**To do**
Word for word, set down every line of the entries below from the line with "Page size: 1241x1754." to the line with "text abren y", including both, and no other line.
Content starts
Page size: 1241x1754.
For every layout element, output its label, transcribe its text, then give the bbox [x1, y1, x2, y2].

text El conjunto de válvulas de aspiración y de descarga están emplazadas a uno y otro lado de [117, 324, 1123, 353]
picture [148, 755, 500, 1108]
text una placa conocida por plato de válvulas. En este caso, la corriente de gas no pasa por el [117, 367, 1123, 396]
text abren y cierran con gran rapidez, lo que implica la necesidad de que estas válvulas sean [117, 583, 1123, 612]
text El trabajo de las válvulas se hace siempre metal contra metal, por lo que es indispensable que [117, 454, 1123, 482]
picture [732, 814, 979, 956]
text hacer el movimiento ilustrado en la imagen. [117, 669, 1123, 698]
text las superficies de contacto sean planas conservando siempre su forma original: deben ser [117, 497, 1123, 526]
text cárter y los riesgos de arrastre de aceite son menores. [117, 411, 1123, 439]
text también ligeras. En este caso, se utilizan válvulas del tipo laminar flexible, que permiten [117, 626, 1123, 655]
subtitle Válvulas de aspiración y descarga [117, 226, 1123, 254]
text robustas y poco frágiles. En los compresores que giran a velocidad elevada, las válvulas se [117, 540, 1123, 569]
Content ends
Content starts
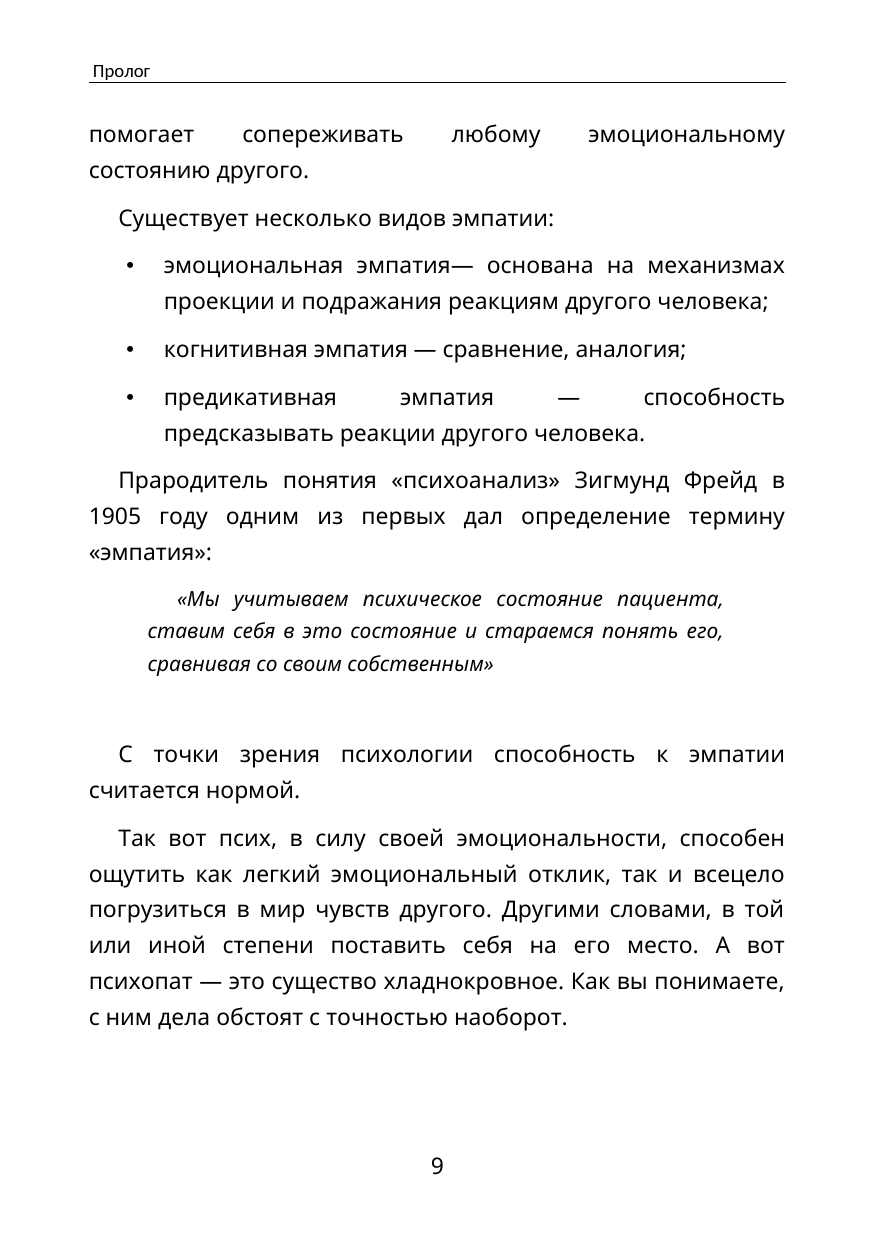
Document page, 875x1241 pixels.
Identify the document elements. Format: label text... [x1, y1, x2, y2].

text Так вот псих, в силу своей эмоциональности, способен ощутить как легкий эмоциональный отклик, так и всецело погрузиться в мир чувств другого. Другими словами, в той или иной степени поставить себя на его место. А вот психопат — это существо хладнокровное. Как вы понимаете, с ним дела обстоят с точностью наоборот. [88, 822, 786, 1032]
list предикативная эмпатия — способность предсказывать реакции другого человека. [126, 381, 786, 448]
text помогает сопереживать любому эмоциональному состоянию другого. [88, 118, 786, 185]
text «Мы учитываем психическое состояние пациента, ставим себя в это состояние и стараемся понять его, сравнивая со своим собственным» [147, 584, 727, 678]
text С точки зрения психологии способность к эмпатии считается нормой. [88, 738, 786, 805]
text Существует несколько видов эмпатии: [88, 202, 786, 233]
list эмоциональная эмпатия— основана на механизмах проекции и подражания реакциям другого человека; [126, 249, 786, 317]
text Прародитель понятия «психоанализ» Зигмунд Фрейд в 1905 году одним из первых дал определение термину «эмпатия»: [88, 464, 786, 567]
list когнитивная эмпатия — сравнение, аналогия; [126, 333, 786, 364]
Content ends
**Expected answer**
Page size: 1241x1754.
For every layout element, output its label, transcribe its text, then give the bbox [x1, y1, x2, y2].

text El conjunto de válvulas de aspiración y de descarga están emplazadas a uno y otro lado de [117, 324, 1123, 353]
picture [148, 755, 500, 1108]
text una placa conocida por plato de válvulas. En este caso, la corriente de gas no pasa por el [117, 367, 1123, 396]
text abren y cierran con gran rapidez, lo que implica la necesidad de que estas válvulas sean [117, 583, 1123, 612]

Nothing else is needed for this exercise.